If Primary and Secondaries return different compliance results, the best approach is to wait for both tiers to comply.

Using Secondary read preference may lead to “incorrect results” in the case that a Secondary is recently restarted and the script chooses that Secondary to pull statistics. For this case, a good approach is to check db.serverStatus().uptime and pick the Secondary with the higher uptime. The uptime method requires a different approach on the script which will be implemented in a future revision of this blog post.


Consideration 3: Replica set tags

Replica set tags are applicable in lot of use cases but are mainly used for read locality in a geo-replication scenario and for targeting specific workloads to dedicated nodes (e.g., heavy analytics operations). When it comes to workload targeting, the tagged nodes must be examined separately as they may use an index or indexes that other nodes don’t use. This may also be the case in geo-replication, although it’s more rare. The script from consideration 1 may be used to check a tagged member, with the addition of readPreference at the very beginning of the script. Here is an example for setting the read preference to a Secondary that is marked for analytics:

 db.getMongo().setReadPref('secondary', [ { "workload": "analytics" } ] ) .  
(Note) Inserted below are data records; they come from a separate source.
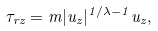Convert formula to latex. <formula><loc_0><loc_0><loc_500><loc_500>\tau _ { r z } = m | u _ { z } | ^ { 1 / \lambda - 1 } u _ { z } ,</formula> 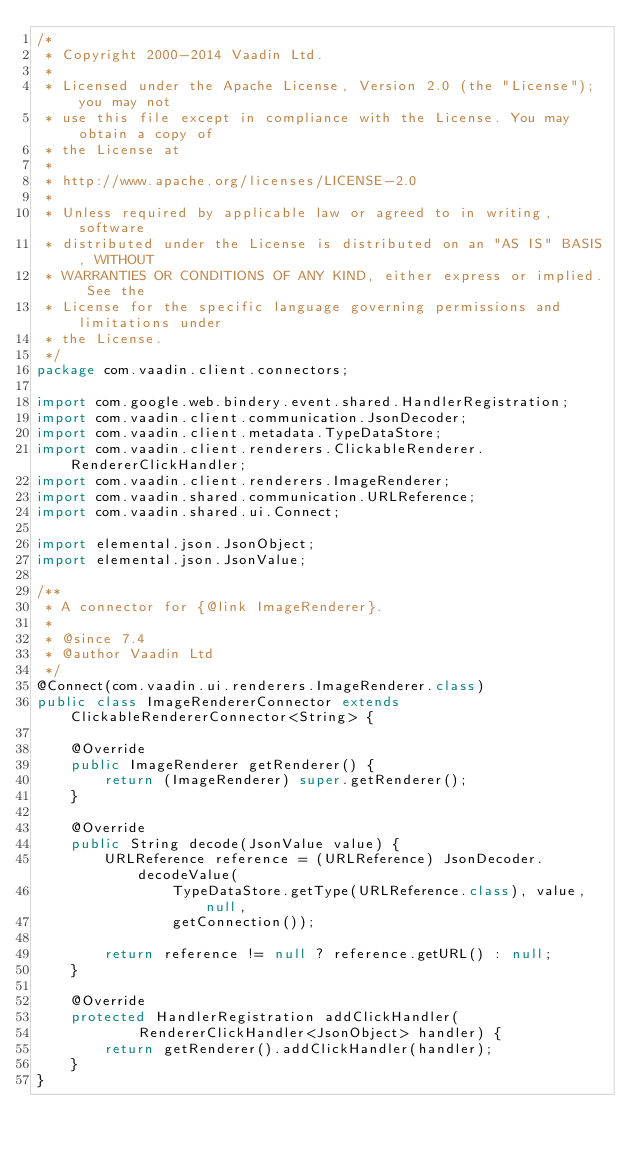<code> <loc_0><loc_0><loc_500><loc_500><_Java_>/*
 * Copyright 2000-2014 Vaadin Ltd.
 * 
 * Licensed under the Apache License, Version 2.0 (the "License"); you may not
 * use this file except in compliance with the License. You may obtain a copy of
 * the License at
 * 
 * http://www.apache.org/licenses/LICENSE-2.0
 * 
 * Unless required by applicable law or agreed to in writing, software
 * distributed under the License is distributed on an "AS IS" BASIS, WITHOUT
 * WARRANTIES OR CONDITIONS OF ANY KIND, either express or implied. See the
 * License for the specific language governing permissions and limitations under
 * the License.
 */
package com.vaadin.client.connectors;

import com.google.web.bindery.event.shared.HandlerRegistration;
import com.vaadin.client.communication.JsonDecoder;
import com.vaadin.client.metadata.TypeDataStore;
import com.vaadin.client.renderers.ClickableRenderer.RendererClickHandler;
import com.vaadin.client.renderers.ImageRenderer;
import com.vaadin.shared.communication.URLReference;
import com.vaadin.shared.ui.Connect;

import elemental.json.JsonObject;
import elemental.json.JsonValue;

/**
 * A connector for {@link ImageRenderer}.
 * 
 * @since 7.4
 * @author Vaadin Ltd
 */
@Connect(com.vaadin.ui.renderers.ImageRenderer.class)
public class ImageRendererConnector extends ClickableRendererConnector<String> {

    @Override
    public ImageRenderer getRenderer() {
        return (ImageRenderer) super.getRenderer();
    }

    @Override
    public String decode(JsonValue value) {
        URLReference reference = (URLReference) JsonDecoder.decodeValue(
                TypeDataStore.getType(URLReference.class), value, null,
                getConnection());

        return reference != null ? reference.getURL() : null;
    }

    @Override
    protected HandlerRegistration addClickHandler(
            RendererClickHandler<JsonObject> handler) {
        return getRenderer().addClickHandler(handler);
    }
}
</code> 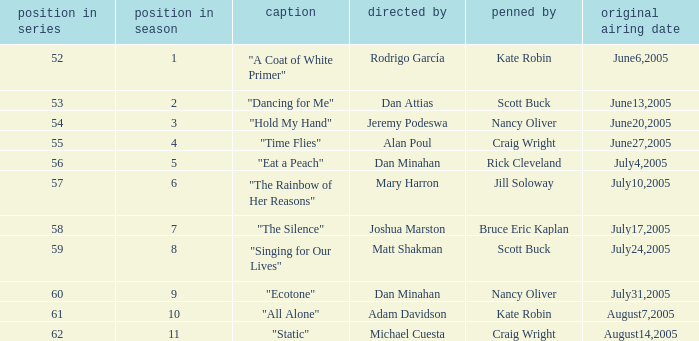What date was episode 10 in the season originally aired? August7,2005. 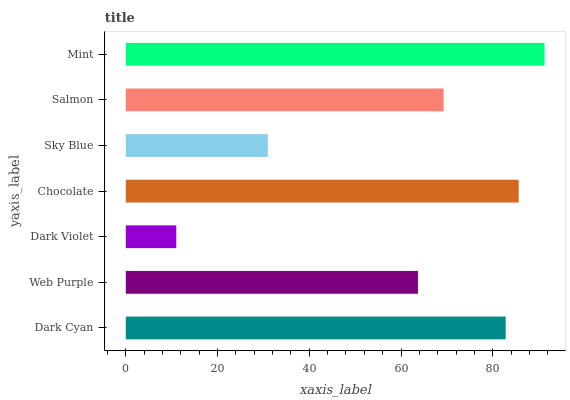Is Dark Violet the minimum?
Answer yes or no. Yes. Is Mint the maximum?
Answer yes or no. Yes. Is Web Purple the minimum?
Answer yes or no. No. Is Web Purple the maximum?
Answer yes or no. No. Is Dark Cyan greater than Web Purple?
Answer yes or no. Yes. Is Web Purple less than Dark Cyan?
Answer yes or no. Yes. Is Web Purple greater than Dark Cyan?
Answer yes or no. No. Is Dark Cyan less than Web Purple?
Answer yes or no. No. Is Salmon the high median?
Answer yes or no. Yes. Is Salmon the low median?
Answer yes or no. Yes. Is Mint the high median?
Answer yes or no. No. Is Web Purple the low median?
Answer yes or no. No. 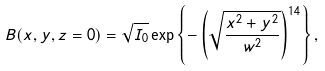<formula> <loc_0><loc_0><loc_500><loc_500>B ( x , y , z = 0 ) = \sqrt { I _ { 0 } } \exp \left \{ - \left ( \sqrt { \frac { x ^ { 2 } + y ^ { 2 } } { w ^ { 2 } } } \right ) ^ { 1 4 } \right \} ,</formula> 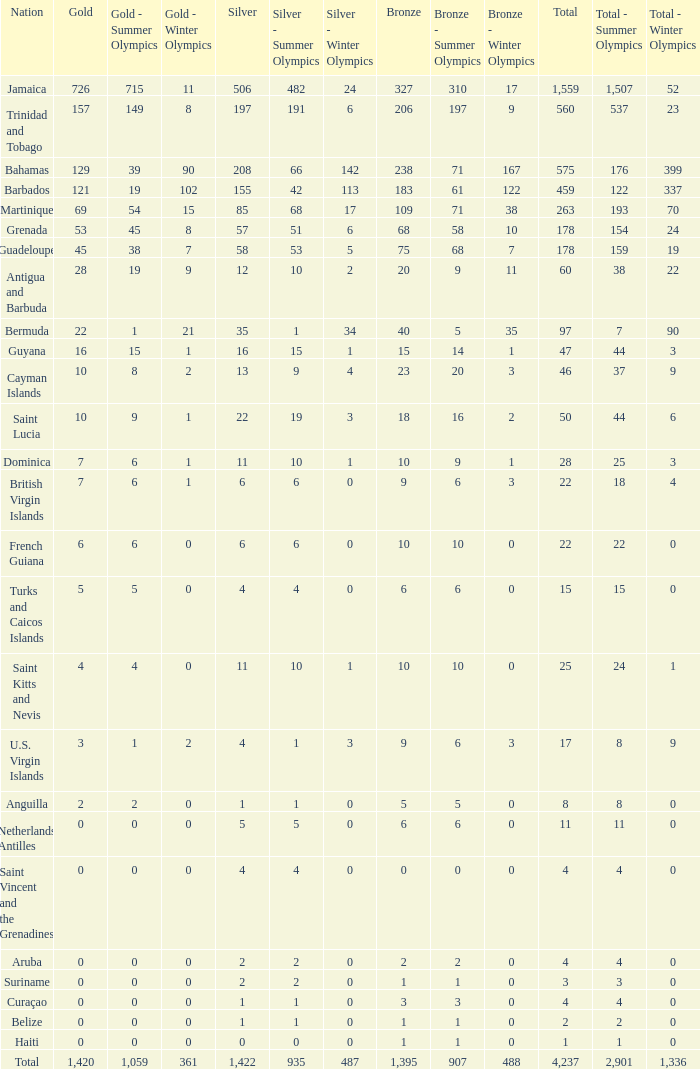What's the sum of Gold with a Bronze that's larger than 15, Silver that's smaller than 197, the Nation of Saint Lucia, and has a Total that is larger than 50? None. 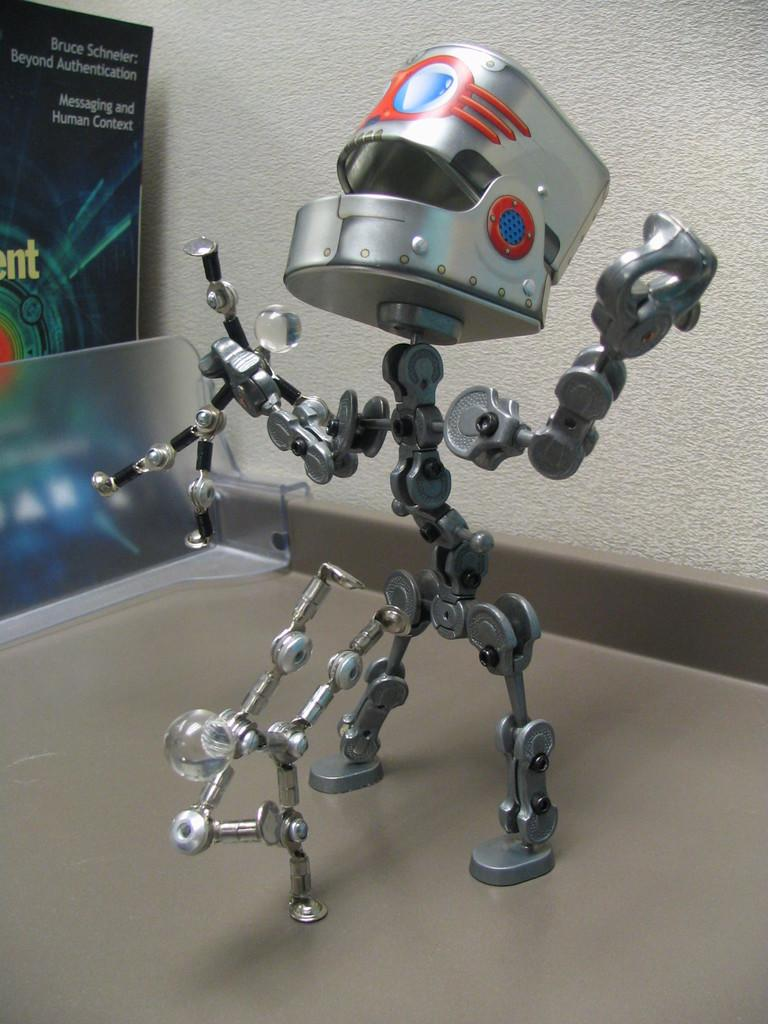What is the main subject of the image? There is a robot in the image. Where is the robot located? The robot is on the floor. What can be seen in the background of the image? There is a wall in the background of the image. What type of wrench is the robot using to fix the broken head in the image? There is no wrench or broken head present in the image; it only features a robot on the floor with a wall in the background. 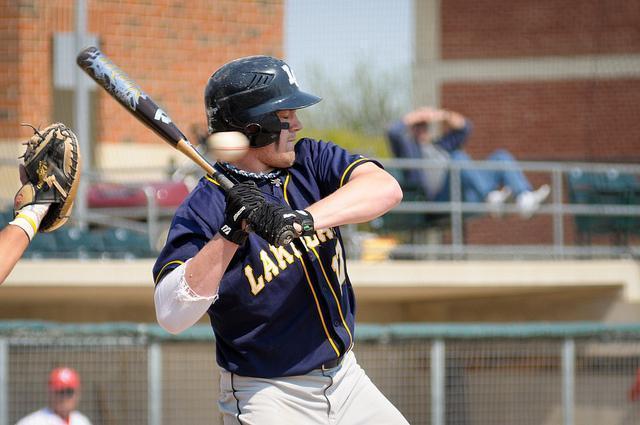How many baseball gloves are there?
Give a very brief answer. 2. How many people can be seen?
Give a very brief answer. 3. 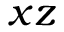<formula> <loc_0><loc_0><loc_500><loc_500>x z</formula> 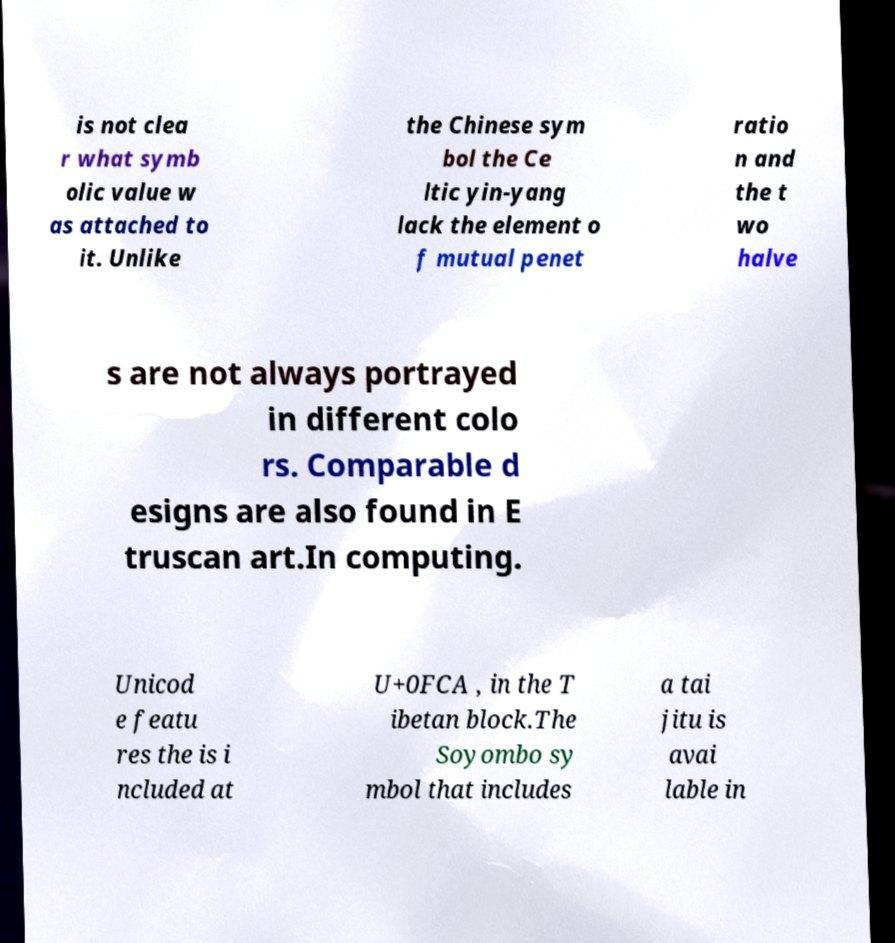Can you accurately transcribe the text from the provided image for me? is not clea r what symb olic value w as attached to it. Unlike the Chinese sym bol the Ce ltic yin-yang lack the element o f mutual penet ratio n and the t wo halve s are not always portrayed in different colo rs. Comparable d esigns are also found in E truscan art.In computing. Unicod e featu res the is i ncluded at U+0FCA , in the T ibetan block.The Soyombo sy mbol that includes a tai jitu is avai lable in 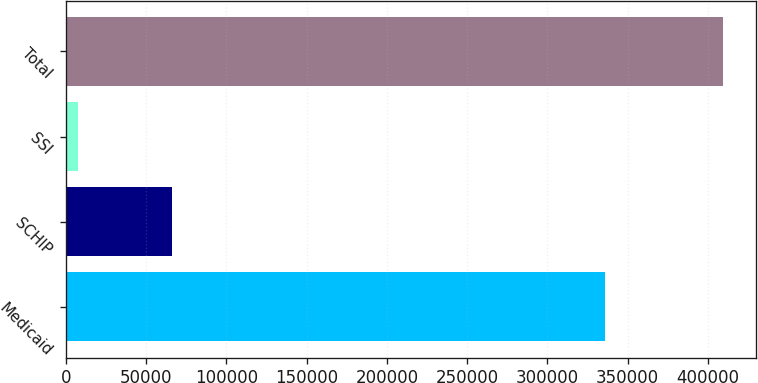Convert chart to OTSL. <chart><loc_0><loc_0><loc_500><loc_500><bar_chart><fcel>Medicaid<fcel>SCHIP<fcel>SSI<fcel>Total<nl><fcel>336100<fcel>65900<fcel>7600<fcel>409600<nl></chart> 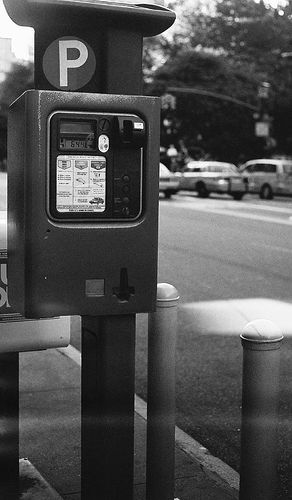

The future approach, described in the last paragraph of in the second consideration above, can be expanded to check tagged Secondaries as well.  


Consideration 4: TTL indexes

TTL indexes serve operations but their main use is for data pruning. It’s very likely for the  $indexStats to report these indexes as unused because the TTL monitor doesn’t count as an index operation. You definitely don’t want to drop a TTL index based on the $indexStats report findings so the scripts must exclude this type of index.

A small modification on the populate idx array script from the second section will do the job. Replace the second line with the following one and the idx array won’t contain any TTL index(es).

db.foo.getIndexes().forEach(function(f){if (f.expireAfterSeconds==undefined) 

Taking the discussion about excluded indexes one step further, we can claim that _id also falls into this category. Obviously, you can’t drop the _id index even if its unused. A collection that never touches the _id index may need redesign.


Consideration 5: Sharded clusters

When it comes to sharded clusters, there are two items to consider before evaluating the output of $indexStats. First, when using the $indexStats against a sharded collection, it is possible the shard key index is classified as unused. For example, a write-heavy collection which is sharded on {_id:”hashed”} (for even distribution of writes) but without any reads/updates/deletes operations that can utilize the _id index. In this case, the {_id:”hashed”} reports as unused. It’s not a good idea to drop the index as it’s going to break your sharded cluster. If you want to exclude the shard key for ‘stats.foo’ collection, the following script can be attached to the method described in consideration two (secondary reads) and shard key will be excluded from the idx array.

db.foo.getIndexes().forEach(function(f){if (JSON.stringify(f.key)!=JSON.stringify(shardkey.key)) 

Another consideration is related to the output of $indexStats, as it now returns the statistics from each and every shard the collection has a presence. While it is uncommon, there are cases that an index(es) reports as unused in a few shards while other shards using it. A poor shard key can be the cause but the most common scenario is named “covering indexes”.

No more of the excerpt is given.